Critical Cases: Stiff person syndrome!

HPI

  • A 28 yo F presents with severe abdominal wall spasms causing shortness of breath
  • Spasms  sporadic over  days and worsen with stress/anxiety
  • Occasional a/w limb spasms
  • A full cardiac and pulmonary work previously been negative
  • A family history is notable for autoimmune disorders
  • Symptoms improve with IV benzodiazepines and muscle relaxants
  • Pt known to be positive for glutamic acid decarboxylase antibodies

PE:

BP 112/72; Pulse 80; Temp 98.6 °F; Resp 18; SpO2 98%; Wt 99.8 kg (220 lb); BMI 40

General: Resting comfortably in no acute distress; speaking in full sentences

Cardiac: Normal rate, regular rhythm, no murmurs

Pulmonary: Lungs are clear to auscultation bilaterally; no respiratory distress.

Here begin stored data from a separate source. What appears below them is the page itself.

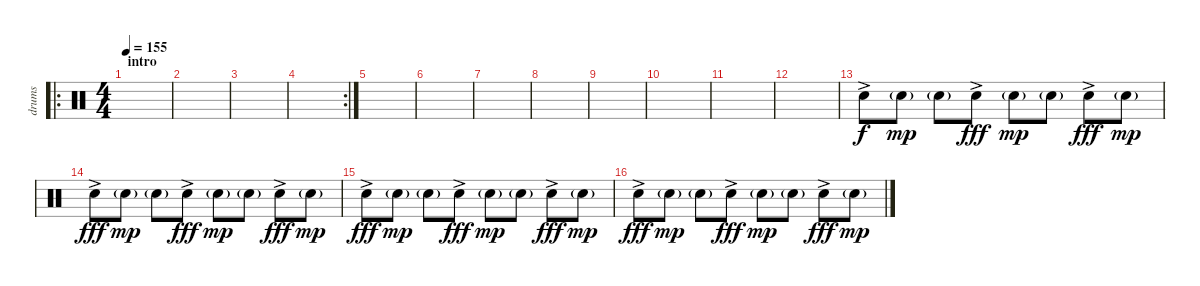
\track ("drums" "drums") {instrument percussion}
\staff {score}
\articulation defaults
\ro
\ts (4 4)
\section ("" "intro")
\tempo 155
\clef neutral
\ks c
|
|
|
\rc 2
|
|
|
|
|
|
|
|
|
"Electric Snare (hit)"{ac}.8 "Electric Snare (hit)"{g}.8{dy mp} "Electric Snare (hit)"{g}.8 "Electric Snare (hit)"{ac}.8{dy fff} "Electric Snare (hit)"{g}.8{dy mp} "Electric Snare (hit)"{g}.8 "Electric Snare (hit)"{ac}.8{dy fff} "Electric Snare (hit)"{g}.8{dy mp} |
"Electric Snare (hit)"{ac}.8{dy fff} "Electric Snare (hit)"{g}.8{dy mp} "Electric Snare (hit)"{g}.8 "Electric Snare (hit)"{ac}.8{dy fff} "Electric Snare (hit)"{g}.8{dy mp} "Electric Snare (hit)"{g}.8 "Electric Snare (hit)"{ac}.8{dy fff} "Electric Snare (hit)"{g}.8{dy mp} |
"Electric Snare (hit)"{ac}.8{dy fff} "Electric Snare (hit)"{g}.8{dy mp} "Electric Snare (hit)"{g}.8 "Electric Snare (hit)"{ac}.8{dy fff} "Electric Snare (hit)"{g}.8{dy mp} "Electric Snare (hit)"{g}.8 "Electric Snare (hit)"{ac}.8{dy fff} "Electric Snare (hit)"{g}.8{dy mp} |
"Electric Snare (hit)"{ac}.8{dy fff} "Electric Snare (hit)"{g}.8{dy mp} "Electric Snare (hit)"{g}.8 "Electric Snare (hit)"{ac}.8{dy fff} "Electric Snare (hit)"{g}.8{dy mp} "Electric Snare (hit)"{g}.8 "Electric Snare (hit)"{ac}.8{dy fff} "Electric Snare (hit)"{g}.8{dy mp}
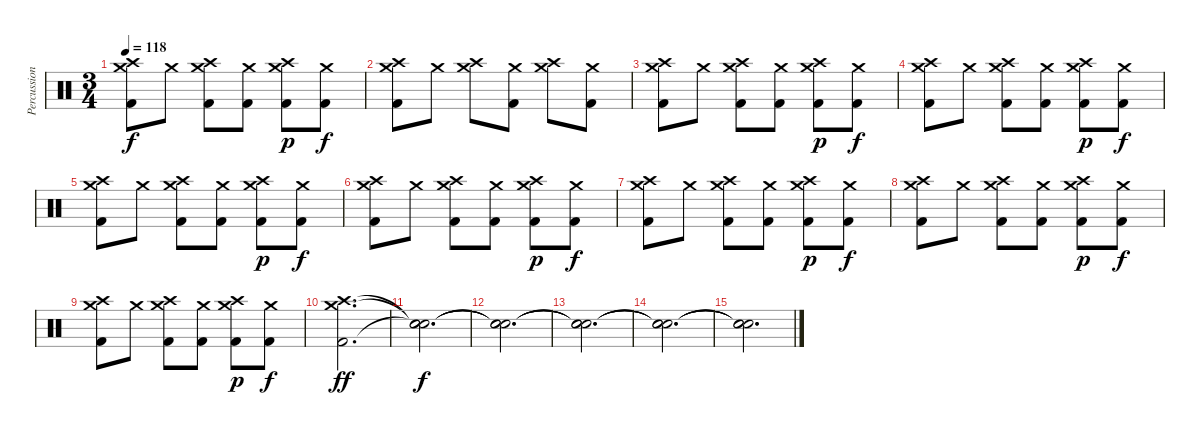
\track ("Percussion" "Percussion") {instrument percussion}
\staff {score}
\articulation defaults
\ts (3 4)
\tempo 118
\clef neutral
\ks c
("Crash medium (hit)" "Crash high (hit)" "Kick (hit) 2").8{dy f} "Crash medium (hit)".8 ("Crash medium (hit)" "Crash high (hit)" "Kick (hit) 2").8 ("Crash medium (hit)" "Kick (hit) 2").8 ("Crash medium (hit)" "Crash high (hit)" "Kick (hit) 2").8{dy p} ("Crash medium (hit)" "Kick (hit) 2").8{dy f} |
("Crash medium (hit)" "Crash high (hit)" "Kick (hit) 2").8 "Crash medium (hit)".8 ("Crash medium (hit)" "Crash high (hit)").8 ("Crash medium (hit)" "Kick (hit) 2").8 ("Crash medium (hit)" "Crash high (hit)").8 ("Crash medium (hit)" "Kick (hit) 2").8 |
("Crash medium (hit)" "Crash high (hit)" "Kick (hit) 2").8 "Crash medium (hit)".8 ("Crash medium (hit)" "Crash high (hit)" "Kick (hit) 2").8 ("Crash medium (hit)" "Kick (hit) 2").8 ("Crash medium (hit)" "Crash high (hit)" "Kick (hit) 2").8{dy p} ("Crash medium (hit)" "Kick (hit) 2").8{dy f} |
("Crash medium (hit)" "Crash high (hit)" "Kick (hit) 2").8 "Crash medium (hit)".8 ("Crash medium (hit)" "Crash high (hit)" "Kick (hit) 2").8 ("Crash medium (hit)" "Kick (hit) 2").8 ("Crash medium (hit)" "Crash high (hit)" "Kick (hit) 2").8{dy p} ("Crash medium (hit)" "Kick (hit) 2").8{dy f} |
("Crash medium (hit)" "Crash high (hit)" "Kick (hit) 2").8 "Crash medium (hit)".8 ("Crash medium (hit)" "Crash high (hit)" "Kick (hit) 2").8 ("Crash medium (hit)" "Kick (hit) 2").8 ("Crash medium (hit)" "Crash high (hit)" "Kick (hit) 2").8{dy p} ("Crash medium (hit)" "Kick (hit) 2").8{dy f} |
("Crash medium (hit)" "Crash high (hit)" "Kick (hit) 2").8 "Crash medium (hit)".8 ("Crash medium (hit)" "Crash high (hit)" "Kick (hit) 2").8 ("Crash medium (hit)" "Kick (hit) 2").8 ("Crash medium (hit)" "Crash high (hit)" "Kick (hit) 2").8{dy p} ("Crash medium (hit)" "Kick (hit) 2").8{dy f} |
("Crash medium (hit)" "Crash high (hit)" "Kick (hit) 2").8 "Crash medium (hit)".8 ("Crash medium (hit)" "Crash high (hit)" "Kick (hit) 2").8 ("Crash medium (hit)" "Kick (hit) 2").8 ("Crash medium (hit)" "Crash high (hit)" "Kick (hit) 2").8{dy p} ("Crash medium (hit)" "Kick (hit) 2").8{dy f} |
("Crash medium (hit)" "Crash high (hit)" "Kick (hit) 2").8 "Crash medium (hit)".8 ("Crash medium (hit)" "Crash high (hit)" "Kick (hit) 2").8 ("Crash medium (hit)" "Kick (hit) 2").8 ("Crash medium (hit)" "Crash high (hit)" "Kick (hit) 2").8{dy p} ("Crash medium (hit)" "Kick (hit) 2").8{dy f} |
("Crash medium (hit)" "Crash high (hit)" "Kick (hit) 2").8 "Crash medium (hit)".8 ("Crash medium (hit)" "Crash high (hit)" "Kick (hit) 2").8 ("Crash medium (hit)" "Kick (hit) 2").8 ("Crash medium (hit)" "Crash high (hit)" "Kick (hit) 2").8{dy p} ("Crash medium (hit)" "Kick (hit) 2").8{dy f} |
("Crash medium (hit)" "Crash high (hit)" "Kick (hit) 2").2{d dy ff} |
("Snare (hit)"{t} "Snare (hit)"{t} "Snare (hit)"{t}).2{d dy f} |
("Snare (hit)"{t} "Snare (hit)"{t} "Snare (hit)"{t}).2{d} |
("Snare (hit)"{t} "Snare (hit)"{t} "Snare (hit)"{t}).2{d} |
("Snare (hit)"{t} "Snare (hit)"{t} "Snare (hit)"{t}).2{d} |
("Snare (hit)"{t} "Snare (hit)"{t} "Snare (hit)"{t}).2{d}

Abdominal: Soft, nontender, no rigidity Neuro: GCS 15; no increase in tone; sensation and strength intact

DDx

  • Dehydration
  • Heat exhaustion
  • Electrolyte abnormalities
  • Neurologic disorders -Stiff person syndrome

Work Up/Management:

  • ECG showed normal sinus rhythm
  • Prior cardiac and pulmonary noted unremarkable

Conclusion

  • This patient had an exacerbation of Stiff Person Syndrome, an extremely rare autoimmune disorder of the nervous system that causes severe muscle spasms that can lead to orthopedic injuries.
  • Anxiety triggers the spasms
  • The diagnostic feature is positive GAD antibodies
  • Acute treatment includes IV benzodiazepines, but this is a temporary fix
  • The disease is progressive and ultimately leads to the patient being bed-bound
  • Patients with severe symptoms often need IVIG therapy

 

Reference

Rodgers-Neame, Nancy. Stiff Person Syndrome, Medscape, 5 Dec. 2019, emedicine.medscape.com/article/1172135-overview.